Evaluation of alignment accuracy
The accuracy of the predicted alignments is quantified by three parameters QModeler, QDeveloper and QCombined as proposed in earlier work (Sauder et al., 2000; Yona and Levitt, 2002). The accuracy parameter from the modeler's point of view, QModeler, is the ratio of the number of correctly aligned pairs of residues to the total number of aligned positions in the alignment being evaluated. The parameter from the developer's point of view, QDeveloper, is the ratio of the number of correctly aligned pairs to the number of aligned positions in the structural alignment. The combined accuracy parameter, QCombined, is the total number of correct matches divided by the total number of positions that are aligned in either the structural alignment or the alignment being evaluated. Aligned pairs that are in both the sequence and the structure alignment are counted only once in the denominator of QCombined.
In this experiment, for every pair in the testing part of Set A (2305 pairs), we created two alignments by using each of the two consensus sequences as a hinge as described earlier.

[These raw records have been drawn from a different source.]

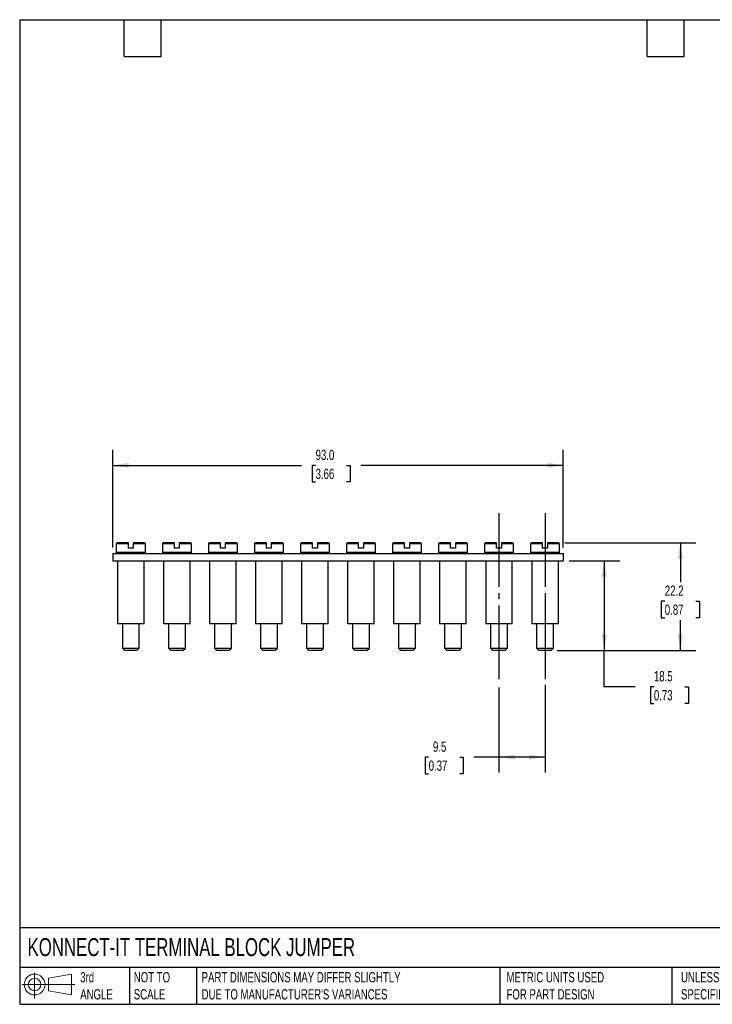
# Model space of a CAD drawing. Header units: millimetres. Extents: x 6 to 273, y 6 to 210.
# Tile 1 of 5: x 6 to 149, y 6 to 210. Entities that reach past the tile are written whole.
import ezdxf

# ---------------------------------------------------------------- set-up
doc = ezdxf.new("R2010")
doc.units = ezdxf.units.MM
doc.linetypes.add('SLD-Center', pattern=[19.05, 15.24, -1.27, 1.27, -1.27])
doc.linetypes.add('SLD-Solid', pattern=[0])
doc.layers.add('CENTER', color=40, linetype='SLD-Center')
doc.layers.add('SLD-DEFPOINTS', color=7, linetype='Continuous')
doc.layers.add('DIMENSIONS', color=140, linetype='SLD-Solid', lineweight=25)
doc.layers.add('TEXT', color=140, linetype='SLD-Solid', lineweight=25)
doc.styles.add('SLDTEXTSTYLE0', font='TXT', dxfattribs={"width": 0.7})
doc.dimstyles.new('SLDDIMSTYLE0', dxfattribs={"dimtxt": 2.158008, "dimasz": 3.302, "dimexe": 0, "dimexo": 0.0625, "dimgap": 0.539502, "dimtad": 0, "dimtih": 1, "dimtoh": 1, "dimdec": 1, "dimrnd": 1e-09, "dimzin": 4, "dimdsep": 46, "dimtxsty": 'SLDTEXTSTYLE0', "dimsah": 1, "dimcen": 0.09, "dimadec": 0, "dimazin": 1, "dimtfac": 1, "dimtdec": 1, "dimtofl": 0, "dimtmove": 0, "dimatfit": 3, "dimfxl": 0, "dimfrac": 2, "dimtolj": 1, "dimtzin": 12, "dimarcsym": 0})
doc.dimstyles.new('SLDDIMSTYLE1', dxfattribs={"dimtxt": 2.158008, "dimasz": 3.302, "dimexe": 0, "dimexo": 0.0625, "dimgap": 0.539502, "dimtad": 0, "dimtih": 1, "dimtoh": 1, "dimdec": 1, "dimrnd": 1e-09, "dimzin": 12, "dimdsep": 46, "dimtxsty": 'SLDTEXTSTYLE0', "dimsah": 1, "dimcen": 0.09, "dimadec": 0, "dimazin": 3, "dimtfac": 1, "dimtdec": 1, "dimtofl": 0, "dimtmove": 0, "dimatfit": 3, "dimfxl": 0, "dimfrac": 2, "dimtolj": 1, "dimtzin": 12, "dimarcsym": 0})

# ---------------------------------------------------------------- blocks, each defined once
blk = doc.blocks.new('Block11')
at = {"color": 7, "linetype": 'SLD-Solid', "lineweight": 18}
for p, q in [((2.59, 5.31), (2.59, 0)), ((5.48, 4.17), (10.18, 5.03)), ((5.48, 1.6), (5.48, 4.17)), ((10.18, 5.03), (10.18, 0.73)), ((0, 2.88), (10.87, 2.88)), ((5.48, 1.6), (10.18, 0.73))]:
    blk.add_line(p, q, dxfattribs=at)
for radius in [2.15, 1.29]:
    blk.add_circle((2.59, 2.88), radius, dxfattribs=at)
blk = doc.blocks.new('Block12')
at = {"layer": 'SLD-DEFPOINTS'}
blk.add_blockref('Block11', (0, 0), dxfattribs=at)
blk = doc.blocks.new('_D')
at = {"layer": 'DIMENSIONS'}
for p, q in [((25.55, 100.64), (25.55, 120.75)), ((118.55, 100.64), (118.55, 120.75)), ((25.55, 117.58), (64.51, 117.58)), ((67.44, 117.58), (66.71, 117.58)), ((66.71, 117.58), (66.71, 114.15)), ((73.85, 117.58), (74.58, 117.58)), ((74.58, 117.58), (74.58, 114.15)), ((118.55, 117.58), (76.77, 117.58)), ((66.71, 114.15), (67.44, 114.15)), ((74.58, 114.15), (73.85, 114.15))]:
    blk.add_line(p, q, dxfattribs=at)
for points in [[(25.55, 117.58), (28.85, 117.07), (28.85, 118.09)], [(118.55, 117.58), (115.25, 118.09), (115.25, 117.07)]]:
    blk.add_solid(points, dxfattribs=at)
at = {"layer": 'DIMENSIONS', "char_height": 2.117, "attachment_point": 1, "style": 'SLDTEXTSTYLE0'}
for s, insert in [('93.0', (67.44, 120.79)), ('3.66', (67.44, 116.88))]:
    blk.add_mtext(s, dxfattribs=dict(at, insert=insert))
blk = doc.blocks.new('_D_1')
at = {"layer": 'DIMENSIONS'}
for p, q in [((118.87, 101.57), (145.91, 101.57)), ((142.74, 101.57), (142.74, 93.47)), ((139.53, 89.55), (138.81, 89.55)), ((138.81, 89.55), (138.81, 86.12)), ((145.95, 89.55), (146.67, 89.55)), ((146.67, 89.55), (146.67, 86.12)), ((138.81, 86.12), (139.53, 86.12)), ((142.74, 79.37), (142.74, 85.64)), ((146.67, 86.12), (145.95, 86.12)), ((117.32, 79.37), (145.91, 79.37))]:
    blk.add_line(p, q, dxfattribs=at)
for points in [[(142.74, 101.57), (142.23, 98.26), (143.25, 98.26)], [(142.74, 79.37), (143.25, 82.67), (142.23, 82.67)]]:
    blk.add_solid(points, dxfattribs=at)
at = {"layer": 'DIMENSIONS', "char_height": 2.117, "attachment_point": 1, "style": 'SLDTEXTSTYLE0'}
for s, insert in [('22.2', (139.53, 92.77)), ('0.87', (139.53, 88.85))]:
    blk.add_mtext(s, dxfattribs=dict(at, insert=insert))
blk = doc.blocks.new('_D_2')
at = {"layer": 'DIMENSIONS'}
for p, q in [((119.82, 97.87), (130.22, 97.87)), ((127.04, 97.87), (127.04, 79.37)), ((117.32, 79.37), (130.22, 79.37)), ((127.04, 71.89), (127.04, 79.37)), ((133.39, 71.89), (127.04, 71.89)), ((137.28, 71.89), (136.56, 71.89)), ((136.56, 71.89), (136.56, 68.46)), ((143.69, 71.89), (144.42, 71.89)), ((144.42, 71.89), (144.42, 68.46)), ((136.56, 68.46), (137.28, 68.46)), ((144.42, 68.46), (143.69, 68.46))]:
    blk.add_line(p, q, dxfattribs=at)
for points in [[(127.04, 97.87), (126.53, 94.56), (127.55, 94.56)], [(127.04, 79.37), (127.55, 82.67), (126.53, 82.67)]]:
    blk.add_solid(points, dxfattribs=at)
at = {"layer": 'DIMENSIONS', "char_height": 2.117, "attachment_point": 1, "style": 'SLDTEXTSTYLE0'}
for s, insert in [('18.5', (137.28, 75.11)), ('0.73', (137.28, 71.19))]:
    blk.add_mtext(s, dxfattribs=dict(at, insert=insert))
blk = doc.blocks.new('_D_3')
at = {"layer": 'DIMENSIONS'}
for p, q in [((105.3, 71.75), (105.3, 54.19)), ((114.8, 72.25), (114.8, 54.19)), ((90.78, 57.37), (90.05, 57.37)), ((90.05, 57.37), (90.05, 53.94)), ((97.19, 57.37), (97.91, 57.37)), ((97.91, 57.37), (97.91, 53.94)), ((105.3, 57.37), (100.11, 57.37)), ((114.8, 57.37), (105.3, 57.37)), ((90.05, 53.94), (90.78, 53.94)), ((97.91, 53.94), (97.19, 53.94))]:
    blk.add_line(p, q, dxfattribs=at)
for points in [[(105.3, 57.37), (108.6, 56.86), (108.6, 57.87)], [(114.8, 57.37), (111.5, 57.87), (111.5, 56.86)]]:
    blk.add_solid(points, dxfattribs=at)
at = {"layer": 'DIMENSIONS', "char_height": 2.117, "attachment_point": 1, "style": 'SLDTEXTSTYLE0'}
for s, insert in [('9.5', (91.67, 60.58)), ('0.37', (90.78, 56.66))]:
    blk.add_mtext(s, dxfattribs=dict(at, insert=insert))

msp = doc.modelspace()

# ---------------------------------------------------------------- linework, layer by layer
for p, q in [((26.3, 101.37), (26.3, 99.57)), ((28.8, 101.37), (26.3, 101.37)), ((28.8, 101.57), (26.5, 101.57)), ((28.8, 100.47), (28.8, 101.37)), ((29.8, 100.47), (28.8, 100.47)), ((32.1, 101.57), (29.8, 101.57)), ((29.8, 101.37), (29.8, 100.47)), ((32.3, 101.37), (29.8, 101.37)), ((32.3, 99.57), (32.3, 101.37)), ((35.8, 101.37), (35.8, 99.57)), ((38.3, 101.37), (35.8, 101.37)), ((38.3, 101.57), (36, 101.57)), ((38.3, 100.47), (38.3, 101.37)), ((39.3, 100.47), (38.3, 100.47)), ((41.6, 101.57), (39.3, 101.57)), ((39.3, 101.37), (39.3, 100.47)), ((41.8, 101.37), (39.3, 101.37)), ((41.8, 99.57), (41.8, 101.37)), ((45.3, 101.37), (45.3, 99.57)), ((47.8, 101.37), (45.3, 101.37)), ((47.8, 101.57), (45.5, 101.57)), ((47.8, 100.47), (47.8, 101.37)), ((48.8, 100.47), (47.8, 100.47)), ((51.1, 101.57), (48.8, 101.57)), ((48.8, 101.37), (48.8, 100.47)), ((51.3, 101.37), (48.8, 101.37)), ((51.3, 99.57), (51.3, 101.37)), ((54.8, 101.37), (54.8, 99.57)), ((57.3, 101.37), (54.8, 101.37)), ((57.3, 101.57), (55, 101.57)), ((57.3, 100.47), (57.3, 101.37)), ((58.3, 100.47), (57.3, 100.47)), ((60.6, 101.57), (58.3, 101.57)), ((58.3, 101.37), (58.3, 100.47)), ((60.8, 101.37), (58.3, 101.37)), ((60.8, 99.57), (60.8, 101.37)), ((64.3, 101.37), (64.3, 99.57)), ((66.8, 101.37), (64.3, 101.37)), ((66.8, 101.57), (64.5, 101.57)), ((66.8, 100.47), (66.8, 101.37)), ((67.8, 100.47), (66.8, 100.47)), ((70.1, 101.57), (67.8, 101.57)), ((67.8, 101.37), (67.8, 100.47)), ((70.3, 101.37), (67.8, 101.37)), ((70.3, 99.57), (70.3, 101.37)), ((73.8, 101.37), (73.8, 99.57)), ((76.3, 101.37), (73.8, 101.37)), ((76.3, 101.57), (74, 101.57)), ((76.3, 100.47), (76.3, 101.37)), ((77.3, 100.47), (76.3, 100.47)), ((79.6, 101.57), (77.3, 101.57)), ((77.3, 101.37), (77.3, 100.47)), ((79.8, 101.37), (77.3, 101.37)), ((79.8, 99.57), (79.8, 101.37)), ((83.3, 101.37), (83.3, 99.57)), ((85.8, 101.37), (83.3, 101.37)), ((85.8, 101.57), (83.5, 101.57)), ((85.8, 100.47), (85.8, 101.37)), ((86.8, 100.47), (85.8, 100.47)), ((89.1, 101.57), (86.8, 101.57)), ((86.8, 101.37), (86.8, 100.47)), ((89.3, 101.37), (86.8, 101.37)), ((89.3, 99.57), (89.3, 101.37)), ((92.8, 101.37), (92.8, 99.57)), ((95.3, 101.37), (92.8, 101.37)), ((95.3, 101.57), (93, 101.57)), ((95.3, 100.47), (95.3, 101.37)), ((96.3, 100.47), (95.3, 100.47)), ((98.6, 101.57), (96.3, 101.57)), ((96.3, 101.37), (96.3, 100.47)), ((98.8, 101.37), (96.3, 101.37)), ((98.8, 99.57), (98.8, 101.37)), ((102.3, 101.37), (102.3, 99.57)), ((104.8, 101.37), (102.3, 101.37)), ((104.8, 101.57), (102.5, 101.57)), ((104.8, 100.47), (104.8, 101.37)), ((105.8, 100.47), (104.8, 100.47)), ((108.1, 101.57), (105.8, 101.57)), ((105.8, 101.37), (105.8, 100.47)), ((108.3, 101.37), (105.8, 101.37)), ((108.3, 99.57), (108.3, 101.37)), ((111.8, 101.37), (111.8, 99.57)), ((114.3, 101.37), (111.8, 101.37)), ((114.3, 101.57), (112, 101.57)), ((114.3, 100.47), (114.3, 101.37)), ((115.3, 100.47), (114.3, 100.47)), ((117.6, 101.57), (115.3, 101.57)), ((115.3, 101.37), (115.3, 100.47)), ((117.8, 101.37), (115.3, 101.37)), ((117.8, 99.57), (117.8, 101.37)), ((25.55, 99.37), (118.55, 99.37)), ((25.55, 99.37), (25.55, 97.87)), ((25.55, 97.87), (118.55, 97.87)), ((32.3, 99.57), (26.3, 99.57)), ((26.55, 97.87), (26.55, 84.87)), ((32.05, 84.87), (32.05, 97.87)), ((41.8, 99.57), (35.8, 99.57)), ((36.05, 97.87), (36.05, 84.87)), ((41.55, 84.87), (41.55, 97.87)), ((51.3, 99.57), (45.3, 99.57)), ((45.55, 97.87), (45.55, 84.87)), ((51.05, 84.87), (51.05, 97.87)), ((60.8, 99.57), (54.8, 99.57)), ((55.05, 97.87), (55.05, 84.87)), ((60.55, 84.87), (60.55, 97.87)), ((70.3, 99.57), (64.3, 99.57)), ((64.55, 97.87), (64.55, 84.87)), ((70.05, 84.87), (70.05, 97.87)), ((79.8, 99.57), (73.8, 99.57)), ((74.05, 97.87), (74.05, 84.87)), ((79.55, 84.87), (79.55, 97.87)), ((89.3, 99.57), (83.3, 99.57)), ((83.55, 97.87), (83.55, 84.87)), ((89.05, 84.87), (89.05, 97.87)), ((98.8, 99.57), (92.8, 99.57)), ((93.05, 97.87), (93.05, 84.87)), ((98.55, 84.87), (98.55, 97.87)), ((108.3, 99.57), (102.3, 99.57)), ((102.55, 97.87), (102.55, 84.87)), ((108.05, 84.87), (108.05, 97.87)), ((117.8, 99.57), (111.8, 99.57)), ((112.05, 97.87), (112.05, 84.87)), ((117.55, 84.87), (117.55, 97.87)), ((118.55, 99.37), (118.55, 97.87)), ((26.6, 84.87), (26.55, 84.87)), ((32.05, 84.87), (26.6, 84.87)), ((27.55, 84.87), (27.55, 79.87)), ((31.05, 79.87), (31.05, 84.87)), ((36.1, 84.87), (36.05, 84.87)), ((41.55, 84.87), (36.1, 84.87)), ((37.05, 84.87), (37.05, 79.87)), ((40.55, 79.87), (40.55, 84.87)), ((45.6, 84.87), (45.55, 84.87)), ((51.05, 84.87), (45.6, 84.87)), ((46.55, 84.87), (46.55, 79.87)), ((50.05, 79.87), (50.05, 84.87)), ((55.1, 84.87), (55.05, 84.87)), ((60.55, 84.87), (55.1, 84.87)), ((56.05, 84.87), (56.05, 79.87)), ((59.55, 79.87), (59.55, 84.87)), ((64.6, 84.87), (64.55, 84.87)), ((70.05, 84.87), (64.6, 84.87)), ((65.55, 84.87), (65.55, 79.87)), ((69.05, 79.87), (69.05, 84.87)), ((74.1, 84.87), (74.05, 84.87)), ((79.55, 84.87), (74.1, 84.87)), ((75.05, 84.87), (75.05, 79.87)), ((78.55, 79.87), (78.55, 84.87)), ((83.6, 84.87), (83.55, 84.87)), ((89.05, 84.87), (83.6, 84.87)), ((84.55, 84.87), (84.55, 79.87)), ((88.05, 79.87), (88.05, 84.87)), ((93.1, 84.87), (93.05, 84.87)), ((98.55, 84.87), (93.1, 84.87)), ((94.05, 84.87), (94.05, 79.87)), ((97.55, 79.87), (97.55, 84.87)), ((102.6, 84.87), (102.55, 84.87)), ((108.05, 84.87), (102.6, 84.87)), ((103.55, 84.87), (103.55, 79.87)), ((107.05, 79.87), (107.05, 84.87)), ((112.1, 84.87), (112.05, 84.87)), ((117.55, 84.87), (112.1, 84.87)), ((113.05, 84.87), (113.05, 79.87)), ((116.55, 79.87), (116.55, 84.87)), ((27.55, 79.87), (28.05, 79.37)), ((27.55, 79.87), (31.05, 79.87)), ((30.55, 79.37), (28.05, 79.37)), ((30.55, 79.37), (31.05, 79.87)), ((37.05, 79.87), (37.55, 79.37)), ((37.05, 79.87), (40.55, 79.87)), ((40.05, 79.37), (37.55, 79.37)), ((40.05, 79.37), (40.55, 79.87)), ((46.55, 79.87), (47.05, 79.37)), ((46.55, 79.87), (50.05, 79.87)), ((49.55, 79.37), (47.05, 79.37)), ((49.55, 79.37), (50.05, 79.87)), ((56.05, 79.87), (56.55, 79.37)), ((56.05, 79.87), (59.55, 79.87)), ((59.05, 79.37), (56.55, 79.37)), ((59.05, 79.37), (59.55, 79.87)), ((65.55, 79.87), (66.05, 79.37)), ((65.55, 79.87), (69.05, 79.87)), ((68.55, 79.37), (66.05, 79.37)), ((68.55, 79.37), (69.05, 79.87)), ((75.05, 79.87), (75.55, 79.37)), ((75.05, 79.87), (78.55, 79.87)), ((78.05, 79.37), (75.55, 79.37)), ((78.05, 79.37), (78.55, 79.87)), ((84.55, 79.87), (85.05, 79.37)), ((84.55, 79.87), (88.05, 79.87)), ((87.55, 79.37), (85.05, 79.37)), ((87.55, 79.37), (88.05, 79.87)), ((94.05, 79.87), (94.55, 79.37)), ((94.05, 79.87), (97.55, 79.87)), ((97.05, 79.37), (94.55, 79.37)), ((97.05, 79.37), (97.55, 79.87)), ((103.55, 79.87), (104.05, 79.37)), ((103.55, 79.87), (107.05, 79.87)), ((106.55, 79.37), (104.05, 79.37)), ((106.55, 79.37), (107.05, 79.87)), ((113.05, 79.87), (113.55, 79.37)), ((113.05, 79.87), (116.55, 79.87)), ((116.05, 79.37), (113.55, 79.37)), ((116.05, 79.37), (116.55, 79.87))]:
    msp.add_line(p, q)
for centre, start, end in [((26.5, 101.37), 90, 180), ((32.1, 101.37), 0, 90), ((36, 101.37), 90, 180), ((41.6, 101.37), 0, 90), ((45.5, 101.37), 90, 180), ((51.1, 101.37), 0, 90), ((55, 101.37), 90, 180), ((60.6, 101.37), 0, 90), ((64.5, 101.37), 90, 180), ((70.1, 101.37), 0, 90), ((74, 101.37), 90, 180), ((79.6, 101.37), 0, 90), ((83.5, 101.37), 90, 180), ((89.1, 101.37), 0, 90), ((93, 101.37), 90, 180), ((98.6, 101.37), 0, 90), ((102.5, 101.37), 90, 180), ((108.1, 101.37), 0, 90), ((112, 101.37), 90, 180), ((117.6, 101.37), 0, 90), ((26.5, 99.57), 180, 270), ((32.1, 99.57), 270, 0), ((36, 99.57), 180, 270), ((41.6, 99.57), 270, 0), ((45.5, 99.57), 180, 270), ((51.1, 99.57), 270, 0), ((55, 99.57), 180, 270), ((60.6, 99.57), 270, 0), ((64.5, 99.57), 180, 270), ((70.1, 99.57), 270, 0), ((74, 99.57), 180, 270), ((79.6, 99.57), 270, 0), ((83.5, 99.57), 180, 270), ((89.1, 99.57), 270, 0), ((93, 99.57), 180, 270), ((98.6, 99.57), 270, 0), ((102.5, 99.57), 180, 270), ((108.1, 99.57), 270, 0), ((112, 99.57), 180, 270), ((117.6, 99.57), 270, 0)]:
    msp.add_arc(centre, 0.2, start, end)
for points in [[(28.8, 101.37), (28.8, 101.42), (28.8, 101.47), (28.8, 101.54), (28.8, 101.57), (28.8, 101.57)], [(29.8, 101.57), (29.8, 101.57), (29.8, 101.54), (29.8, 101.47), (29.8, 101.42), (29.8, 101.37)], [(38.3, 101.37), (38.3, 101.42), (38.3, 101.47), (38.3, 101.54), (38.3, 101.57), (38.3, 101.57)], [(39.3, 101.57), (39.3, 101.57), (39.3, 101.54), (39.3, 101.47), (39.3, 101.42), (39.3, 101.37)], [(47.8, 101.37), (47.8, 101.42), (47.8, 101.47), (47.8, 101.54), (47.8, 101.57), (47.8, 101.57)], [(48.8, 101.57), (48.8, 101.57), (48.8, 101.54), (48.8, 101.47), (48.8, 101.42), (48.8, 101.37)], [(57.3, 101.37), (57.3, 101.42), (57.3, 101.47), (57.3, 101.54), (57.3, 101.57), (57.3, 101.57)], [(58.3, 101.57), (58.3, 101.57), (58.3, 101.54), (58.3, 101.47), (58.3, 101.42), (58.3, 101.37)], [(66.8, 101.37), (66.8, 101.42), (66.8, 101.47), (66.8, 101.54), (66.8, 101.57), (66.8, 101.57)], [(67.8, 101.57), (67.8, 101.57), (67.8, 101.54), (67.8, 101.47), (67.8, 101.42), (67.8, 101.37)], [(76.3, 101.37), (76.3, 101.42), (76.3, 101.47), (76.3, 101.54), (76.3, 101.57), (76.3, 101.57)], [(77.3, 101.57), (77.3, 101.57), (77.3, 101.54), (77.3, 101.47), (77.3, 101.42), (77.3, 101.37)], [(85.8, 101.37), (85.8, 101.42), (85.8, 101.47), (85.8, 101.54), (85.8, 101.57), (85.8, 101.57)], [(86.8, 101.57), (86.8, 101.57), (86.8, 101.54), (86.8, 101.47), (86.8, 101.42), (86.8, 101.37)], [(95.3, 101.37), (95.3, 101.42), (95.3, 101.47), (95.3, 101.54), (95.3, 101.57), (95.3, 101.57)], [(96.3, 101.57), (96.3, 101.57), (96.3, 101.54), (96.3, 101.47), (96.3, 101.42), (96.3, 101.37)], [(104.8, 101.37), (104.8, 101.42), (104.8, 101.47), (104.8, 101.54), (104.8, 101.57), (104.8, 101.57)], [(105.8, 101.57), (105.8, 101.57), (105.8, 101.54), (105.8, 101.47), (105.8, 101.42), (105.8, 101.37)], [(114.3, 101.37), (114.3, 101.42), (114.3, 101.47), (114.3, 101.54), (114.3, 101.57), (114.3, 101.57)], [(115.3, 101.57), (115.3, 101.57), (115.3, 101.54), (115.3, 101.47), (115.3, 101.42), (115.3, 101.37)]]:
    msp.add_open_spline(points, degree=3, knots=[0, 0, 0, 0, 0.5, 0.5, 1, 1, 1, 1])
at = {"layer": 'CENTER'}
for p, q in [((105.3, 107.72), (105.3, 73.02)), ((114.8, 107.72), (114.8, 73.02)), ((114.8, 91.22), (114.8, 73.52))]:
    msp.add_line(p, q, dxfattribs=at)
at = {"layer": 'TEXT'}
for p, q in [((6.35, 209.55), (273.05, 209.55)), ((6.35, 209.55), (6.35, 6.35)), ((27.94, 201.93), (27.94, 209.55)), ((35.56, 201.93), (35.56, 209.55)), ((135.89, 201.93), (135.89, 209.55)), ((143.51, 201.93), (143.51, 209.55)), ((27.94, 201.93), (35.56, 201.93)), ((135.89, 201.93), (143.51, 201.93)), ((273.05, 22.13), (6.35, 22.13)), ((273.05, 13.97), (6.35, 13.97)), ((29.04, 13.97), (29.04, 6.35)), ((42.84, 13.97), (42.84, 6.35)), ((105.48, 13.97), (105.48, 6.35)), ((141, 13.97), (141, 6.35)), ((6.35, 6.35), (273.05, 6.35))]:
    msp.add_line(p, q, dxfattribs=at)

# ---------------------------------------------------------------- block references
at = {"layer": 'SLD-DEFPOINTS'}
msp.add_blockref('Block12', (6.84, 7.55), dxfattribs=at)

# ---------------------------------------------------------------- texts
at = {"layer": 'TEXT', "attachment_point": 1, "style": 'SLDTEXTSTYLE0'}
for s, insert, char_height in [('KONNECT-IT TERMINAL BLOCK JUMPER', (7.97, 20.01), 3.7042), ('3rd^JANGLE', (18.85, 13), 2.117), ('NOT TO^JSCALE', (29.91, 13), 2.1167), ("PART DIMENSIONS MAY DIFFER SLIGHTLY ^JDUE TO MANUFACTURER'S VARIANCES", (43.91, 13), 2.1167), ('METRIC UNITS USED ^JFOR PART DESIGN', (106.85, 13), 2.1167), ('UNLESS OTHERWISE ^JSPECIFIED UNITS ARE:', (142.87, 13), 2.1167)]:
    msp.add_mtext(s, dxfattribs=dict(at, insert=insert, char_height=char_height))

# ---------------------------------------------------------------- dimensions: what is measured, and where the dimension line sits
at = {"layer": 'DIMENSIONS'}
for base, p1, p2, dimstyle, picture, middle in [((118.55, 117.58), (25.55, 99.37), (118.55, 99.37), 'SLDDIMSTYLE0', '_D', (70.64, 117.58)), ((105.3, 57.37), (114.8, 73.52), (105.3, 73.02), 'SLDDIMSTYLE1', '_D_3', (93.98, 57.37))]:
    dim = msp.add_linear_dim(base=base, p1=p1, p2=p2, dimstyle=dimstyle, dxfattribs=at)
    dim.commit()
    dim.dimension.update_dxf_attribs({"geometry": picture, "text_midpoint": middle, "dimtype": 160})
for base, p1, picture, middle in [((142.74, 79.37), (117.6, 101.57), '_D_1', (142.74, 89.55)), ((127.04, 79.37), (118.55, 97.87), '_D_2', (127.04, 71.89))]:
    dim = msp.add_linear_dim(base=base, p1=p1, p2=(116.05, 79.37), angle=90, dimstyle='SLDDIMSTYLE1', dxfattribs=at)
    dim.commit()
    dim.dimension.update_dxf_attribs({"geometry": picture, "text_midpoint": middle, "dimtype": 160})

doc.saveas('drawing.dxf')

We then combined these two alignments into a final alignment according to the following two schemes. The first scheme (MAX) simply picks one alignment, as a whole, out of the two alignments. The alignment that is picked has the higher score when the quasi-consensus sequence was aligned to the HMM. The second scheme (called AND selection) is to take segments that are common in both alignments. The final alignment thus obtained misses out segments where the two alignments disagree. Three variations to this AND-selection are suggested on which alignment of these uncommon segments shall be picked to patch the final alignment. In the first variation (AND1 selection), for a region where the two alignments disagree, we choose the alignment that contains fewer gap positions. As a refinement of AND1 selection, the second variation (AND2 selection) calculates a BLOSUM score for each of the two alignments at an uncommon segment and picks the alignment that has a larger score. The third variation (AND3 selection) chooses for a non-common segment the alignment that agrees better with the structural alignment for that segment. However, the AND3 selection is not usable when the correct answer, i.e. the structural alignment, is not available. The AND3 was the best alignment one could obtain with a method that was always able to tell which alignment was better.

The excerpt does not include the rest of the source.